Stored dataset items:
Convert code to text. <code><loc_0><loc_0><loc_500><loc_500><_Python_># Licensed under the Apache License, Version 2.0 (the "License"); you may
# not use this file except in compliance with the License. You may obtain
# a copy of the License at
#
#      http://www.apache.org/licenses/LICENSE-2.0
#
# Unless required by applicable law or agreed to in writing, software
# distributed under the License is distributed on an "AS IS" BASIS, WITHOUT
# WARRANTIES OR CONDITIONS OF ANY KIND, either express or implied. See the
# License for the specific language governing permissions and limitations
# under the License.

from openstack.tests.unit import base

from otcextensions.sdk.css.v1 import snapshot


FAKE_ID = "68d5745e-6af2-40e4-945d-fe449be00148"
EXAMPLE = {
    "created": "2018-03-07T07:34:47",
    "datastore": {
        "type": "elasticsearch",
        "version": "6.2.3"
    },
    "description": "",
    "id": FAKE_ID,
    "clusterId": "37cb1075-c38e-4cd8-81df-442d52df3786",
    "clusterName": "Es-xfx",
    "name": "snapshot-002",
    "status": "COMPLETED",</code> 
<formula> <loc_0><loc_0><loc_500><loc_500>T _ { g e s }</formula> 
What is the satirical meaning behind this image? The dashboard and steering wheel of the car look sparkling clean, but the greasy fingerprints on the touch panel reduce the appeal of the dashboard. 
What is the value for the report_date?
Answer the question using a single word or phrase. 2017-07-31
--
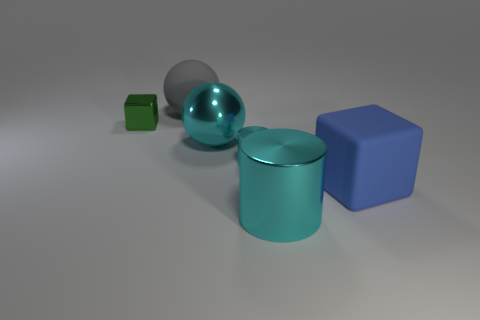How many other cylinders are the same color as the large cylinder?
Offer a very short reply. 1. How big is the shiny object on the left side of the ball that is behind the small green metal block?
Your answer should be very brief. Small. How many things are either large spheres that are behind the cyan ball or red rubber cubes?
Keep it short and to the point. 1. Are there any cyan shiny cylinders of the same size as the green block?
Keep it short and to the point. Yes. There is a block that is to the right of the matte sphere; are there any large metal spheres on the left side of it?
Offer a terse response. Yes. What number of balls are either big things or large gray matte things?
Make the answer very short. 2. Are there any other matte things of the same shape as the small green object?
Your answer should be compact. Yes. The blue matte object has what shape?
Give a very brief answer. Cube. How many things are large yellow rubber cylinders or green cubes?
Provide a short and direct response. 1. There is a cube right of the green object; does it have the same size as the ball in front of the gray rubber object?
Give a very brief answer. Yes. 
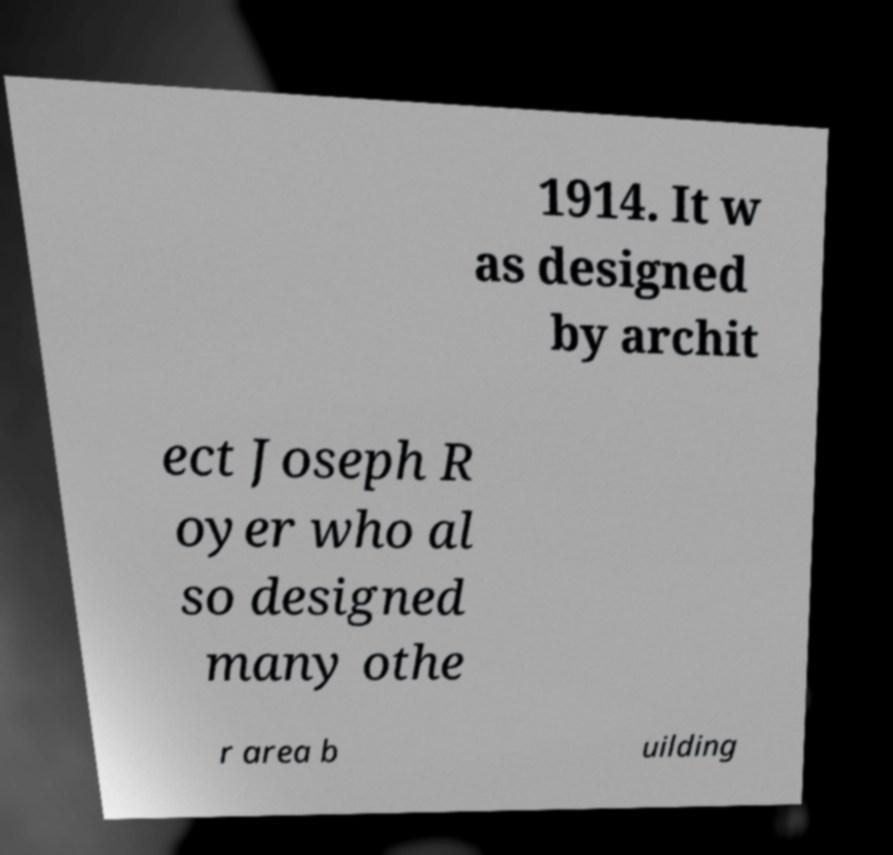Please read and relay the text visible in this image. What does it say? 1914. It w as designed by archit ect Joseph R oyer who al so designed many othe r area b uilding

# Task goal:
Only the lines that contain the string "right" are to be copied from the records.

# Solution to this problem:
Keep it short and to the point. Yes. There is a block that is to the right of the matte sphere; are there any large metal spheres on the left side of it?
Provide a short and direct response. 1. There is a cube right of the green object; does it have the same size as the ball in front of the gray rubber object?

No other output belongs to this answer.